When the Smails sold their creamery in North Dakota they visited Mr. Smail’s sister, Kennicott’s mother, at Lac-qui-Meurt, then plodded on to Gopher Prairie to stay with their nephew. They appeared unannounced, before the baby was born, took their welcome for granted, and immediately began to complain of the fact that their room faced north.
Uncle Whittier and Aunt Bessie assumed that it was their privilege as relatives to laugh at Carol, and their duty as Christians to let her know how absurd her “notions” were. They objected to the food, to Oscarina’s lack of friendliness, to the wind, the rain, and the immodesty of Carol’s maternity gowns. They were strong and enduring; for an hour at a time they could go on heaving questions about her father’s income, about her theology, and about the reason why she had not put on her rubbers when she had gone across the street. For fussy discussion they had a rich, full genius, and their example developed in Kennicott a tendency to the same form of affectionate flaying.

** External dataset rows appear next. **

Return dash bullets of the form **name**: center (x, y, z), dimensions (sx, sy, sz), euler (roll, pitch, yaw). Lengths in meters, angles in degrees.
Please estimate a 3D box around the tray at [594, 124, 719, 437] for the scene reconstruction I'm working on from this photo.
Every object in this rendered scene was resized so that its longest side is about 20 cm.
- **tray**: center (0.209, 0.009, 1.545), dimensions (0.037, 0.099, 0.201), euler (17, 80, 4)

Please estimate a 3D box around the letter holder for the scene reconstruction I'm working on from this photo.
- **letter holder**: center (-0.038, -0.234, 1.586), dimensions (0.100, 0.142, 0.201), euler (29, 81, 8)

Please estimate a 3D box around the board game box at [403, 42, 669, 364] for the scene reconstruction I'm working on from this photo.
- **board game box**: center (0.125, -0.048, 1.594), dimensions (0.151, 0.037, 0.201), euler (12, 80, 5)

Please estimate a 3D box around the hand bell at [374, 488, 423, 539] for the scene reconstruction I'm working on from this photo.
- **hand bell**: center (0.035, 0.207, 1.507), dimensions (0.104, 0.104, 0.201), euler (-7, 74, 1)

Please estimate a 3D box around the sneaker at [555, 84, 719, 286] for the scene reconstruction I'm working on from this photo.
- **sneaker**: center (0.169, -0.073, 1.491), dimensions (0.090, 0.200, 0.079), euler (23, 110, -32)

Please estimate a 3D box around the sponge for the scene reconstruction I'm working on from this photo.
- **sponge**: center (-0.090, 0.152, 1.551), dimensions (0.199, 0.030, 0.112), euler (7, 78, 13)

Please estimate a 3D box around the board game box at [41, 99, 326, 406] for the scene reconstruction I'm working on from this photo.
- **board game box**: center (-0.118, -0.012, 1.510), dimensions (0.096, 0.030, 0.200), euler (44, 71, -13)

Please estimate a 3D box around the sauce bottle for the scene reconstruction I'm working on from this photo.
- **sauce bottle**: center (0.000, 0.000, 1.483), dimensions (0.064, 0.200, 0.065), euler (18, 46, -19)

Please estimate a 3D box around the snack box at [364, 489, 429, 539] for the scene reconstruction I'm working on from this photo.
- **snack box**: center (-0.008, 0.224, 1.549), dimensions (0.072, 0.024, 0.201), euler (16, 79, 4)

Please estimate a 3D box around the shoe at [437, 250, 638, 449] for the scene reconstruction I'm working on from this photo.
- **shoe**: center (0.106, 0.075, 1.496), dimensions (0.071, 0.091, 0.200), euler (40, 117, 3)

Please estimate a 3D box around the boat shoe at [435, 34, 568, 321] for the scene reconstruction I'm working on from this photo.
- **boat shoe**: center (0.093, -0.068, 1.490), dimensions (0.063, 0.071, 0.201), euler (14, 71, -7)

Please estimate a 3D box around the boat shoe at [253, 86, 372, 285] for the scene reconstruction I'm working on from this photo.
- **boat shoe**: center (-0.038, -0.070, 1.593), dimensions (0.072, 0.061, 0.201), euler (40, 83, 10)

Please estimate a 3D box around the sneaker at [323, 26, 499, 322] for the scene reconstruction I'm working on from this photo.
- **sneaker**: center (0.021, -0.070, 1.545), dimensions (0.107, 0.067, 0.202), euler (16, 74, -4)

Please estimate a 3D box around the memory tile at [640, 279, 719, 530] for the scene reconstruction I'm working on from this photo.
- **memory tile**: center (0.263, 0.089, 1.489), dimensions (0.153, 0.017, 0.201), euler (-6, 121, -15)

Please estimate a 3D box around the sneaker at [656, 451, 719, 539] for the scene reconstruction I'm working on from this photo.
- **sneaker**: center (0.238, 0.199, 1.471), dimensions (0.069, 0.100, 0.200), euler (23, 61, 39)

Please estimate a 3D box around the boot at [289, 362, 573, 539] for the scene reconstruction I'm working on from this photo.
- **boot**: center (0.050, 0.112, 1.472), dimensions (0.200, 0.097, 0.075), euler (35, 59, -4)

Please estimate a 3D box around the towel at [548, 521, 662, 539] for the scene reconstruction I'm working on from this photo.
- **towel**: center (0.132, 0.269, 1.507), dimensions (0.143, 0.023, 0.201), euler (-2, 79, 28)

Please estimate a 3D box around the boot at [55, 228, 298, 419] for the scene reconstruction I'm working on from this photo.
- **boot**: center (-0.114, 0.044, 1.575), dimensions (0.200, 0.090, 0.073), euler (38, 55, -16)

If Carol was so indiscreet as to murmur that she had a small headache, instantly the two Smails and Kennicott were at it. Every five minutes, every time she sat down or rose or spoke to Oscarina, they twanged, “Is your head better now? Where does it hurt? Don’t you keep hartshorn in the house? Didn’t you walk too far today? Have you tried hartshorn? Don’t you keep some in the house so it will be handy? Does it feel better now? How does it feel? Do your eyes hurt, too? What time do you usually get to bed? As late as that? Well! How does it feel now?”
In her presence Uncle Whittier snorted at Kennicott, “Carol get these headaches often? Huh? Be better for her if she didn’t go gadding around to all these bridge-whist parties, and took some care of herself once in a while!”

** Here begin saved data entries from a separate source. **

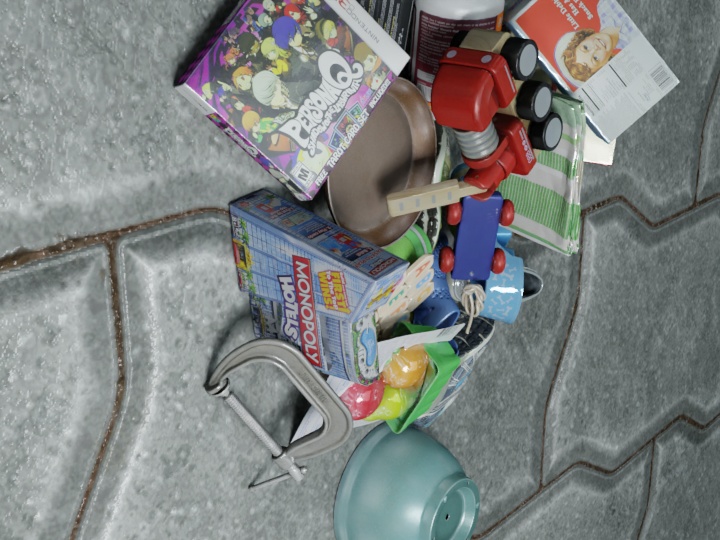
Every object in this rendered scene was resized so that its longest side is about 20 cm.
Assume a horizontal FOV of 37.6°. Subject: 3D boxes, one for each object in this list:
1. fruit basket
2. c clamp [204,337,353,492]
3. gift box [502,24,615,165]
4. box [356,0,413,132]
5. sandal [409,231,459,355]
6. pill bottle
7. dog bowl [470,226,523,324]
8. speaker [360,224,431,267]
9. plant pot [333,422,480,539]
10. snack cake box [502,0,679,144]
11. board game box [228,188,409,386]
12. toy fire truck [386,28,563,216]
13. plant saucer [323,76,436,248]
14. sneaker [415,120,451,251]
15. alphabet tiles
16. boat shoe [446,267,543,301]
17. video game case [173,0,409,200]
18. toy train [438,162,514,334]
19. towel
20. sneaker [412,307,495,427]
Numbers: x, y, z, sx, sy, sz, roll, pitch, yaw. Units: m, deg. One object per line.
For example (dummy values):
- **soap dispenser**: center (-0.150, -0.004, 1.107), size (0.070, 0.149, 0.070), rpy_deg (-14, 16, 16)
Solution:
- **fruit basket**: center (0.018, 0.135, 1.314), size (0.199, 0.094, 0.186), rpy_deg (-5, 139, -36)
- **c clamp**: center (-0.101, 0.164, 1.181), size (0.201, 0.170, 0.027), rpy_deg (59, 22, -28)
- **gift box**: center (0.255, -0.253, 1.419), size (0.185, 0.198, 0.188), rpy_deg (-83, -179, -76)
- **box**: center (-0.010, -0.266, 1.206), size (0.160, 0.043, 0.202), rpy_deg (0, 101, -52)
- **sandal**: center (0.099, 0.047, 1.416), size (0.079, 0.087, 0.202), rpy_deg (-3, 100, -49)
- **pill bottle**: center (0.115, -0.291, 1.279), size (0.109, 0.109, 0.201), rpy_deg (-32, 137, -42)
- **dog bowl**: center (0.180, -0.024, 1.452), size (0.112, 0.049, 0.201), rpy_deg (108, -18, -62)
- **speaker**: center (0.000, 0.000, 1.276), size (0.199, 0.088, 0.089), rpy_deg (-25, 120, -46)
- **plant pot**: center (0.077, 0.319, 1.441), size (0.200, 0.134, 0.202), rpy_deg (-20, 116, -47)
- **snack cake box**: center (0.278, -0.269, 1.290), size (0.115, 0.067, 0.200), rpy_deg (-40, 104, 10)
- **board game box**: center (-0.041, 0.029, 1.138), size (0.062, 0.199, 0.202), rpy_deg (-29, 123, -44)
- **toy fire truck**: center (0.116, -0.152, 1.207), size (0.201, 0.128, 0.176), rpy_deg (-55, 140, -22)
- **plant saucer**: center (0.019, -0.125, 1.229), size (0.200, 0.032, 0.202), rpy_deg (-20, 116, -48)
- **sneaker**: center (0.090, -0.102, 1.373), size (0.088, 0.076, 0.202), rpy_deg (-11, 112, -59)
- **alphabet tiles**: center (0.021, 0.066, 1.297), size (0.195, 0.015, 0.200), rpy_deg (-42, 159, -14)
- **boat shoe**: center (0.201, 0.015, 1.547), size (0.200, 0.071, 0.071), rpy_deg (-1, 103, -50)
- **video game case**: center (-0.065, -0.206, 1.097), size (0.181, 0.036, 0.201), rpy_deg (42, 73, -24)
- **toy train**: center (0.138, -0.032, 1.383), size (0.116, 0.084, 0.201), rpy_deg (-99, -168, -57)
- **towel**: center (0.217, -0.131, 1.324), size (0.023, 0.152, 0.201), rpy_deg (-23, 124, -33)
- **sneaker**: center (0.121, 0.137, 1.501), size (0.200, 0.077, 0.087), rpy_deg (-47, 147, -22)

They kept it up, commenting, questioning, commenting, questioning, till her determination broke and she bleated, “For heaven’s sake, don’t dis-cuss it! My head ’s all right!”
She listened to the Smails and Kennicott trying to determine by dialectics whether the copy of the Dauntless, which Aunt Bessie wanted to send to her sister in Alberta, ought to have two or four cents postage on it. Carol would have taken it to the drug store and weighed it, but then she was a dreamer, while they were practical people (as they frequently admitted). So they sought to evolve the postal rate from their inner consciousnesses, which, combined with entire frankness in thinking aloud, was their method of settling all problems.
The Smails did not “believe in all this nonsense” about privacy and reticence. When Carol left a letter from her sister on the table, she was astounded to hear from Uncle Whittier, “I see your sister says her husband is doing fine. You ought to go see her oftener. I asked Will and he says you don’t go see her very often. My! You ought to go see her oftener!”